Sir

During the years that followed the discovery of the DNA double-helix structure, whose fiftieth anniversary is currently being celebrated (see http://www.nature.com/nature/dna50), a wealth of fibre diffraction studies were carried out (reviewed in ref. 1).

However, the atomic details of the double-helical structure could not be confirmed until chemically pure oligonucleotides became available in the 1970s and allowed the study of single crystals.

An important breakthrough was the crystallization of an RNA mini-helix2. Oligonucleotide crystallography has provided valuable information and unexpected discoveries, yet there is plenty of scope for more.
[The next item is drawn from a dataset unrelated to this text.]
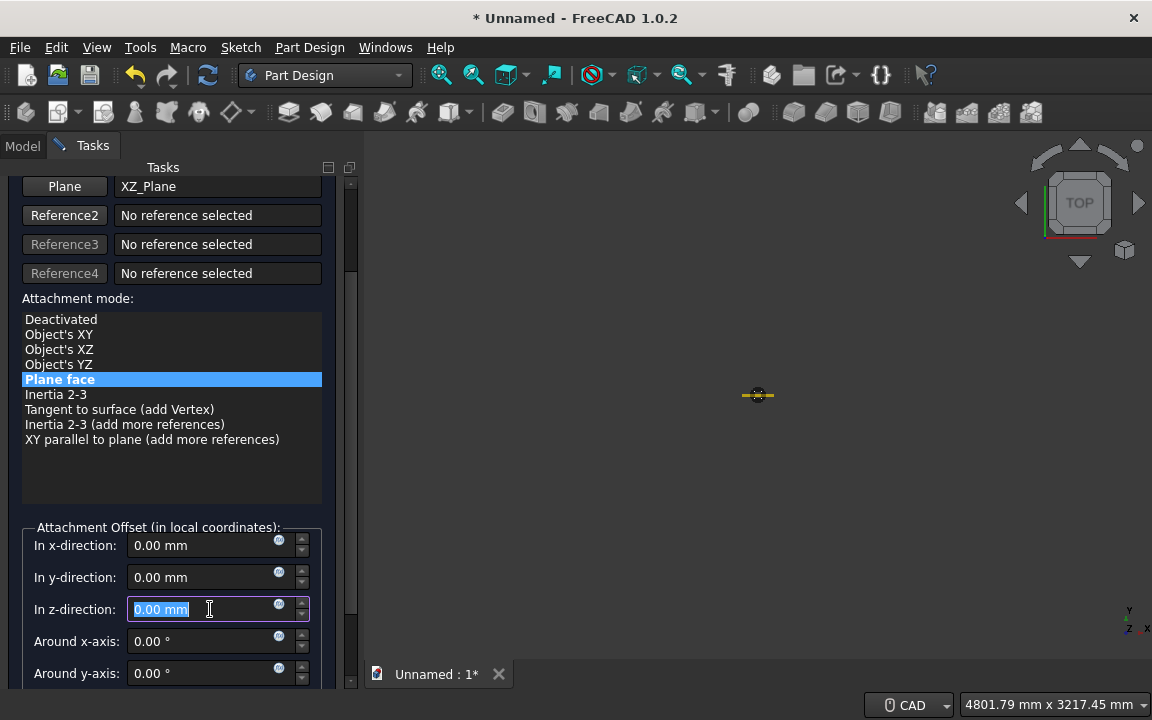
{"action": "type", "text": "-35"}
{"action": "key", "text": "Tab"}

The two first DNA model structures that were determined produced more surprise than confirmation. The first of these3,4 was published on 22 June 1978, obtained from d(ATAT) and showing only parts of a double helix in a rather complex crystal structure. A year later, the second structure5 uncovered left-handed DNA. It was only in 1980 that the right-handed double helix proposed in 1953 could be seen in atomic detail6.

Since then a wealth of crystallographic data have fully confirmed the double-helical nature of B-form DNA and the Watson–Crick pairing of the bases in this and most other forms of DNA.

In 1979 Z-DNA was discovered, followed by quadruplexes, Holliday junctions, Hoogsteen pairing and others, as detailed in the nucleic acid database (http://ndbserver.rutgers.edu). This database has been recently improved, and provides images of any available structure.

Some may think the field is mature, with the structures of more than 600 deoxyribonucleotides known. Yet these data are extremely limited; for example, only two structures have been determined with only AT pairs — most structures are rather CG-rich. Some sequences are easier to study, and so about 85% of crystallized B-form DNA models start with cytosine.